Now, you still couldn't pay me enough to have a 2 door with a toddler, or any child, because it's a constant PITA for me to get *any* child in the back seat in a 2 door, forward facing or not. :lol: But, yeah, that's why I don't have one. Other people do have different priorities, and that's great. In this case, the priority is not really putting the child in danger, as the AAP does say that turning a child around after 2 is fine. Not everyone believes in extended rear facing, just like they don't agree with co-sleeping or vaccinating or breastfeeding past a year. For me personally, if they are not putting their child in grave danger, to each his own I guess. Mainly because I don't really want people coming back and dissing on my choices. :lol:


----------



## fuzzylogic (Nov 3, 2010)

I'm a carsicker. So were my kids---RF makes it that much worse.
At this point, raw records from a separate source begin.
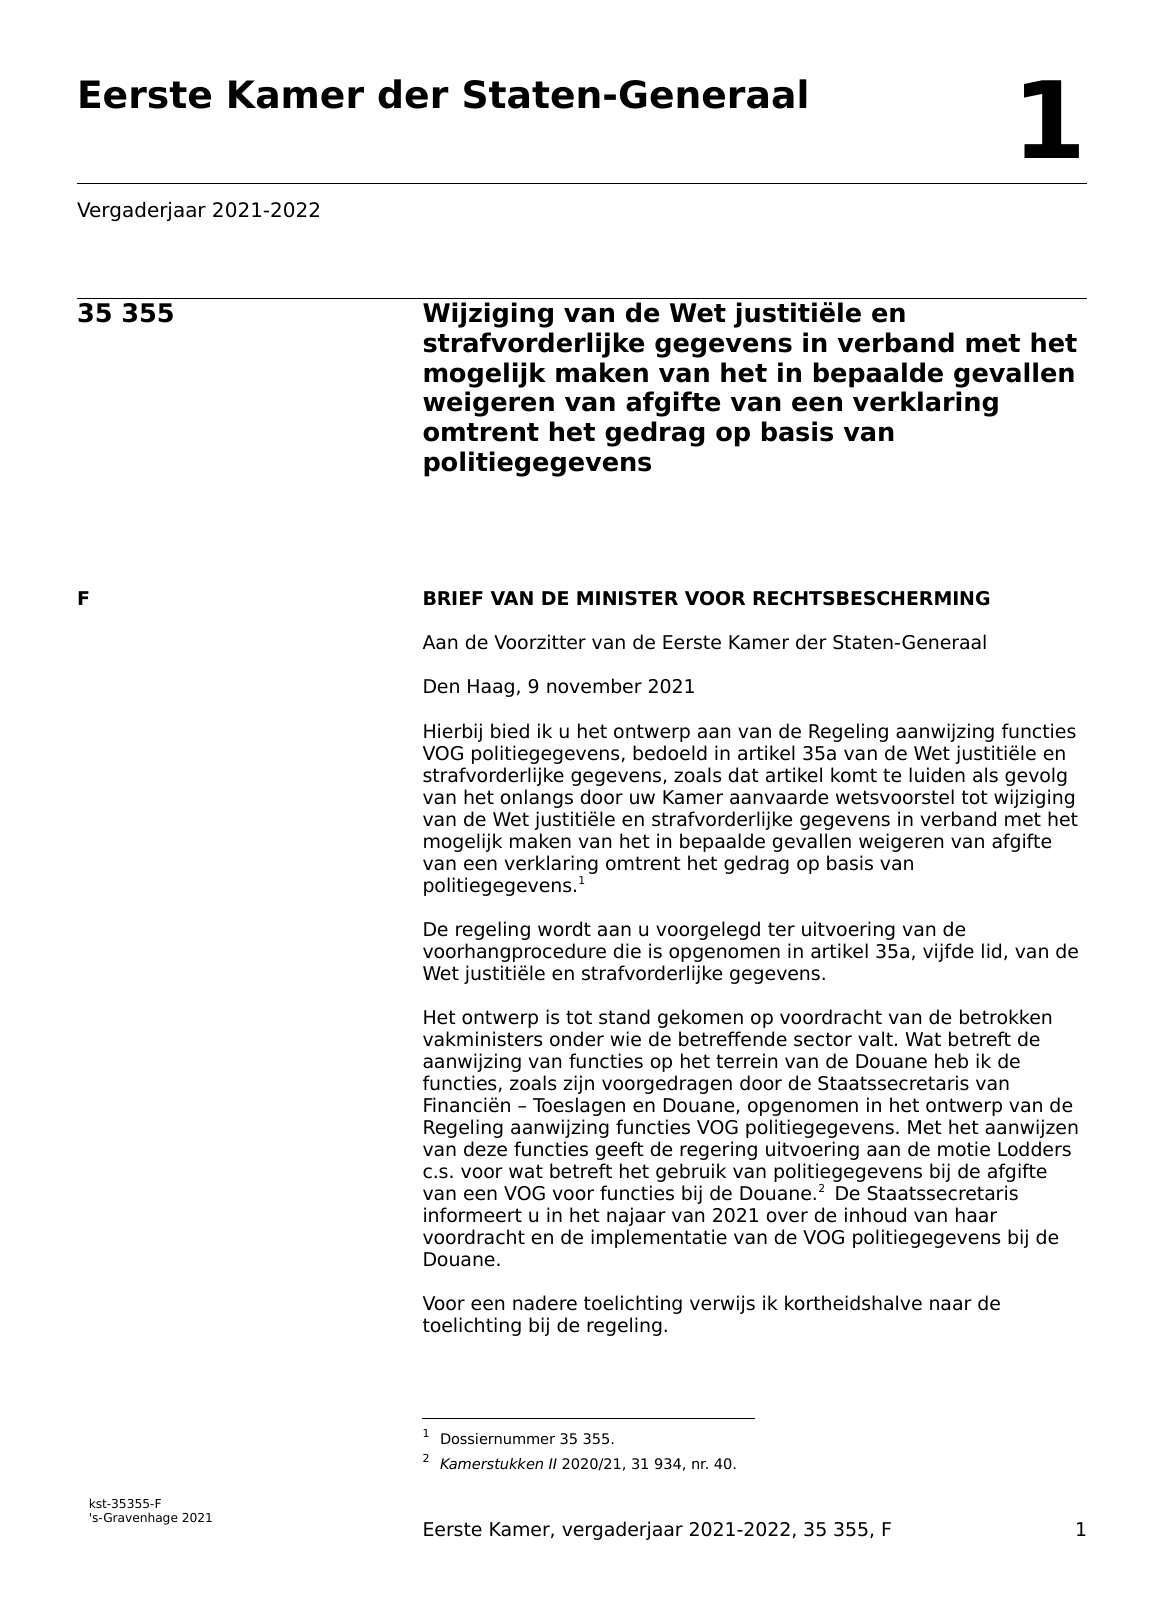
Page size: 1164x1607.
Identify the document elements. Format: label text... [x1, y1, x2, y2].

text 's-Gravenhage 2021 [88, 1511, 323, 1525]
text Dossiernummer 35 355. [422, 1427, 1087, 1449]
table_header 1 [886, 59, 1087, 183]
text Voor een nadere toelichting verwijs ik kortheidshalve naar de toelichting bij de regeling. [422, 1293, 1087, 1337]
text Hierbij bied ik u het ontwerp aan van de Regeling aanwijzing functies VOG politiegegevens, bedoeld in artikel 35a van de Wet justitiële en strafvorderlijke gegevens, zoals dat artikel komt te luiden als gevolg van het onlangs door uw Kamer aanvaarde wetsvoorstel tot wijziging van de Wet justitiële en strafvorderlijke gegevens in verband met het mogelijk maken van het in bepaalde gevallen weigeren van afgifte van een verklaring omtrent het gedrag op basis van politiegegevens. [422, 721, 1087, 896]
text Den Haag, 9 november 2021 [422, 676, 1087, 698]
table_header Eerste Kamer der Staten-Generaal [77, 59, 886, 183]
table_cell Vergaderjaar 2021-2022 [77, 184, 1087, 298]
text Aan de Voorzitter van de Eerste Kamer der Staten-Generaal [422, 632, 1087, 654]
text De regeling wordt aan u voorgelegd ter uitvoering van de voorhangprocedure die is opgenomen in artikel 35a, vijfde lid, van de Wet justitiële en strafvorderlijke gegevens. [422, 919, 1087, 984]
subtitle F BRIEF VAN DE MINISTER VOOR RECHTSBESCHERMING [77, 588, 1087, 610]
text kst-35355-F [88, 1497, 323, 1511]
text Kamerstukken II 2020/21, 31 934, nr. 40. [422, 1452, 1087, 1474]
text Het ontwerp is tot stand gekomen op voordracht van de betrokken vakministers onder wie de betreffende sector valt. Wat betreft de aanwijzing van functies op het terrein van de Douane heb ik de functies, zoals zijn voorgedragen door de Staatssecretaris van Financiën – Toeslagen en Douane, opgenomen in het ontwerp van de Regeling aanwijzing functies VOG politiegegevens. Met het aanwijzen van deze functies geeft de regering uitvoering aan de motie Lodders c.s. voor wat betreft het gebruik van politiegegevens bij de afgifte van een VOG voor functies bij de Douane. De Staatssecretaris informeert u in het najaar van 2021 over de inhoud van haar voordracht en de implementatie van de VOG politiegegevens bij de Douane. [422, 1007, 1087, 1271]
subtitle 35 355 Wijziging van de Wet justitiële en strafvorderlijke gegevens in verband met het mogelijk maken van het in bepaalde gevallen weigeren van afgifte van een verklaring omtrent het gedrag op basis van politiegegevens [77, 299, 1087, 477]
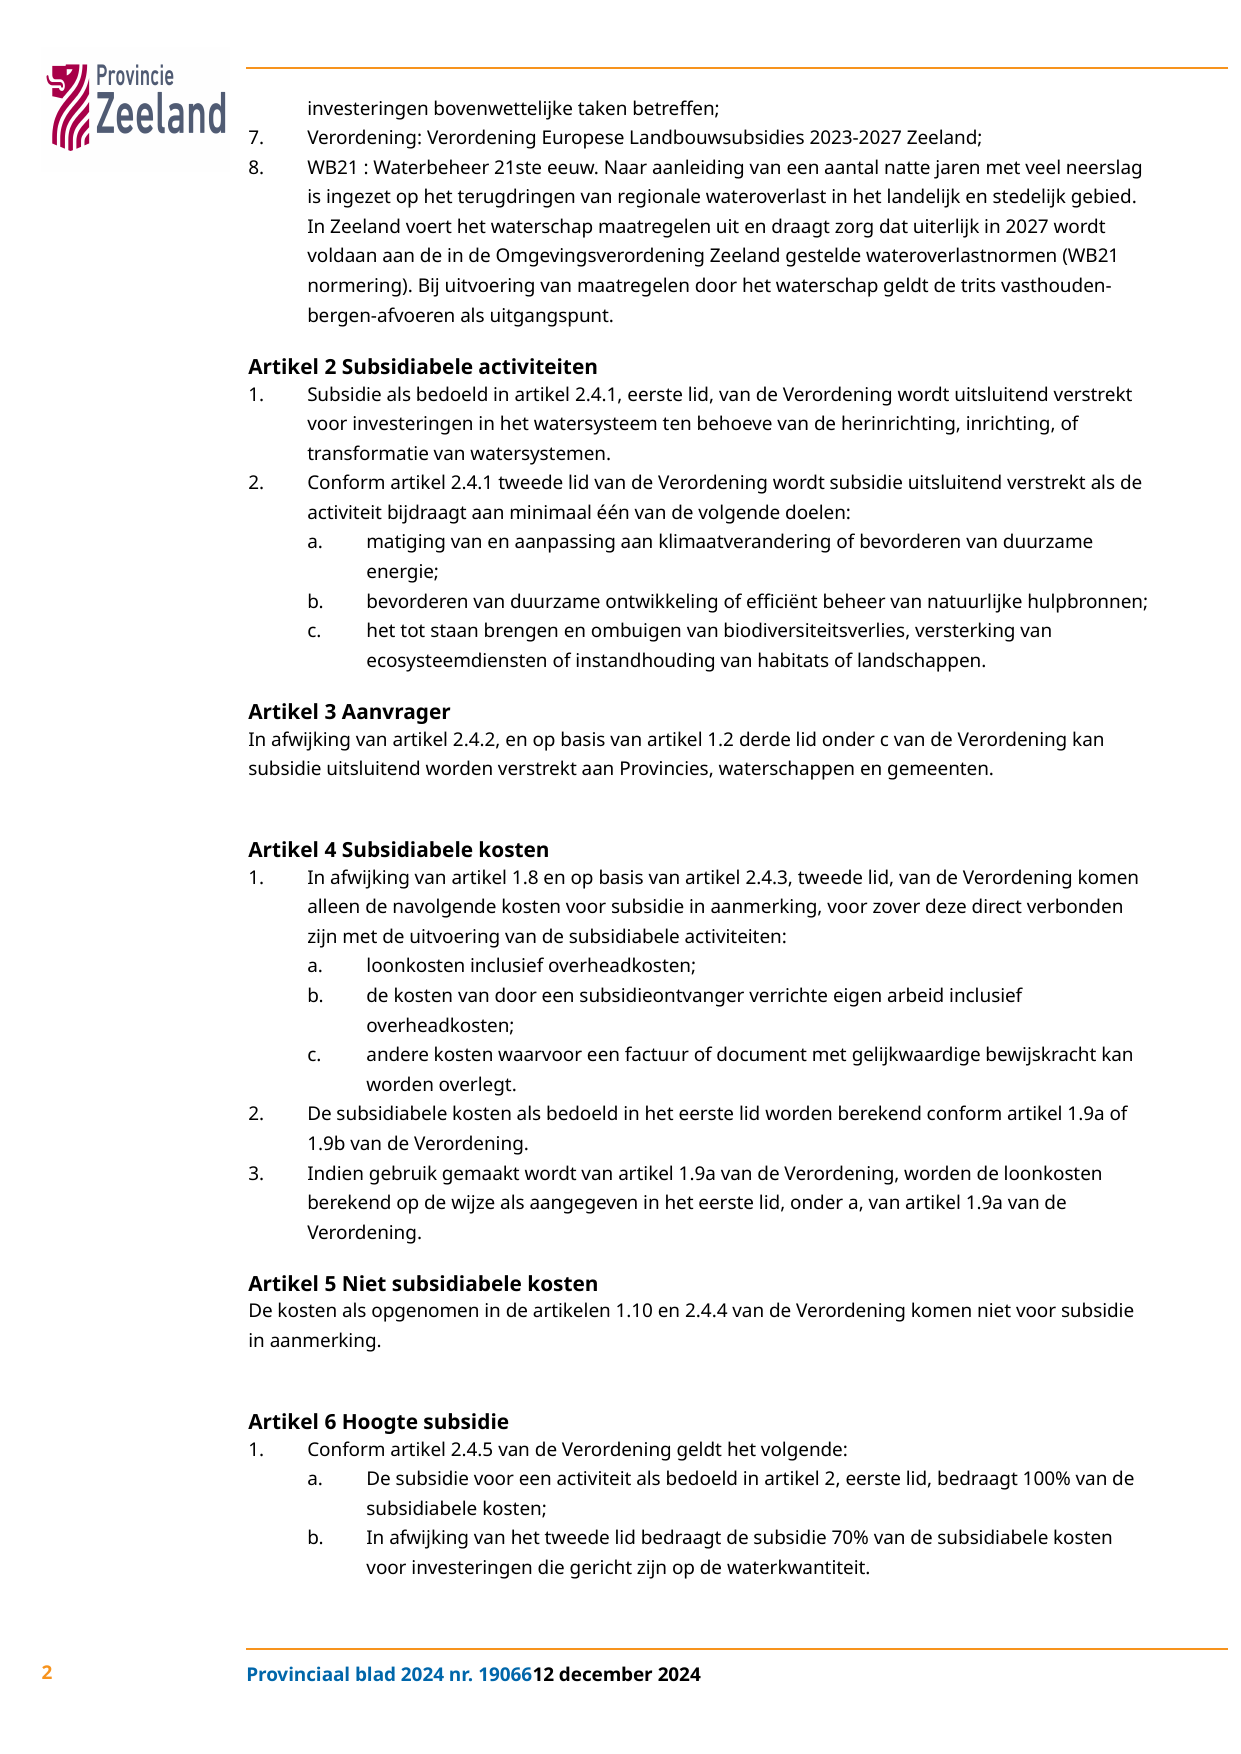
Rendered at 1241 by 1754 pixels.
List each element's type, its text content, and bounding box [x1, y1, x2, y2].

list Conform artikel 2.4.5 van de Verordening geldt het volgende: [248, 1436, 1152, 1461]
text Artikel 3 Aanvrager [248, 697, 1152, 726]
list andere kosten waarvoor een factuur of document met gelijkwaardige bewijskracht kan worden overlegt. [307, 1041, 1152, 1097]
list investeringen bovenwettelijke taken betreffen; [248, 95, 1152, 121]
list De subsidie voor een activiteit als bedoeld in artikel 2, eerste lid, bedraagt 100% van de subsidiabele kosten; [307, 1465, 1152, 1521]
picture [41, 47, 231, 172]
text Artikel 4 Subsidiabele kosten [248, 835, 1152, 864]
list Subsidie als bedoeld in artikel 2.4.1, eerste lid, van de Verordening wordt uitsluitend verstrekt voor investeringen in het watersysteem ten behoeve van de herinrichting, inrichting, of transformatie van watersystemen. [248, 381, 1152, 466]
text In afwijking van artikel 2.4.2, en op basis van artikel 1.2 derde lid onder c van de Verordening kan subsidie uitsluitend worden verstrekt aan Provincies, waterschappen en gemeenten. [248, 726, 1152, 781]
list bevorderen van duurzame ontwikkeling of efficiënt beheer van natuurlijke hulpbronnen; [307, 588, 1152, 613]
list In afwijking van het tweede lid bedraagt de subsidie 70% van de subsidiabele kosten voor investeringen die gericht zijn op de waterkwantiteit. [307, 1524, 1152, 1580]
text Artikel 5 Niet subsidiabele kosten [248, 1269, 1152, 1298]
list De subsidiabele kosten als bedoeld in het eerste lid worden berekend conform artikel 1.9a of 1.9b van de Verordening. [248, 1101, 1152, 1156]
list Indien gebruik gemaakt wordt van artikel 1.9a van de Verordening, worden de loonkosten berekend op de wijze als aangegeven in het eerste lid, onder a, van artikel 1.9a van de Verordening. [248, 1160, 1152, 1244]
list matiging van en aanpassing aan klimaatverandering of bevorderen van duurzame energie; [307, 529, 1152, 584]
list WB21 : Waterbeheer 21ste eeuw. Naar aanleiding van een aantal natte jaren met veel neerslag is ingezet op het terugdringen van regionale wateroverlast in het landelijk en stedelijk gebied. In Zeeland voert het waterschap maatregelen uit en draagt zorg dat uiterlijk in 2027 wordt voldaan aan de in de Omgevingsverordening Zeeland gestelde wateroverlastnormen (WB21 normering). Bij uitvoering van maatregelen door het waterschap geldt de trits vasthouden-bergen-afvoeren als uitgangspunt. [248, 154, 1152, 328]
list In afwijking van artikel 1.8 en op basis van artikel 2.4.3, tweede lid, van de Verordening komen alleen de navolgende kosten voor subsidie in aanmerking, voor zover deze direct verbonden zijn met de uitvoering van de subsidiabele activiteiten: [248, 864, 1152, 949]
list loonkosten inclusief overheadkosten; [307, 953, 1152, 978]
list Conform artikel 2.4.1 tweede lid van de Verordening wordt subsidie uitsluitend verstrekt als de activiteit bijdraagt aan minimaal één van de volgende doelen: [248, 469, 1152, 525]
list Verordening: Verordening Europese Landbouwsubsidies 2023-2027 Zeeland; [248, 124, 1152, 150]
text De kosten als opgenomen in de artikelen 1.10 en 2.4.4 van de Verordening komen niet voor subsidie in aanmerking. [248, 1298, 1152, 1353]
text Artikel 6 Hoogte subsidie [248, 1407, 1152, 1436]
list het tot staan brengen en ombuigen van biodiversiteitsverlies, versterking van ecosysteemdiensten of instandhouding van habitats of landschappen. [307, 617, 1152, 673]
text Artikel 2 Subsidiabele activiteiten [248, 352, 1152, 381]
list de kosten van door een subsidieontvanger verrichte eigen arbeid inclusief overheadkosten; [307, 982, 1152, 1037]

We turned them around long before we were supposed to.....I just couldn't see that making the poor things barf on a daily basis was at all productive.


----------



## Honey693 (May 5, 2008)

Maybe the two door is just an adult car and the kid never rides in it. The only reason I wouldn't have a two door with kids is b/c it's a PITA. You can fit rear facing kids in one, we do it in my mom's car. It just makes me want to scream. It's incredibly hard to get DD buckled in and you have to either crawl in the back to do it or stand there with your butt sticking out. I guess if you had a tiny butt that'd be ok, but yeah that's not me.


----------



## DahliaRW (Apr 16, 2005)

Really, I don't have a huge problem with people turning their kids forward at 2. I personally keep mine rfing longer, but even rfing to 2 is a huge improvement on ffing at 1 and 20. Each parent is entitled to make their own decision, even if it's not one we'd make for our own children.


----------



## bri276 (Mar 24, 2005)

When I was a nanny I had a 2 door and put the baby in RF every day. No big deal. Also, their 2.5 yr old could be over 35 lbs and too big for RF anyway. If not, they likely soon will be, and a car lasts many years.


----------



## OkiMom (Nov 21, 2007)

Honestly we have a 2 door car.. We have it because our "family" vehicle broke down and we haven't had the money to buy a new one. Becuase of that we have all 4 (yes, 4, two adults, two children) in our two door car. We are getting a van before the next one is born! Id hate someone to think that I loved my kids less because circumstances made it so we only have the one small car..


----------



## sunnymw (Feb 28, 2007)

Do they have a second vehicle? I let my 2yo and 4yo ride FFing in other vehicles, just not our primary vehicle. If we had a two door car I wouldn't have any issues with them FFing in seats with deep wings for good SIP, especially if it was the secondary vehicle.


----------



## tbone_kneegrabber (Oct 16, 2007)

Well we had a 2 door car and ds was rear facing until past 2. My priorities included, the car was free, it got AMAZING gas mileage. The great gas mileage was WAY MORE important to me than the relative inconvenience of putting my kid in his car seat, so yes, people have different priorities. Different does equate "bad" or "wrong".


----------



## delightedbutterfly (Oct 5, 2006)

I have to say that posts like these are why I had HUGE mommy guilt last week. Which doesn't help the fact that I think I am back to suffering from some sort of SAD.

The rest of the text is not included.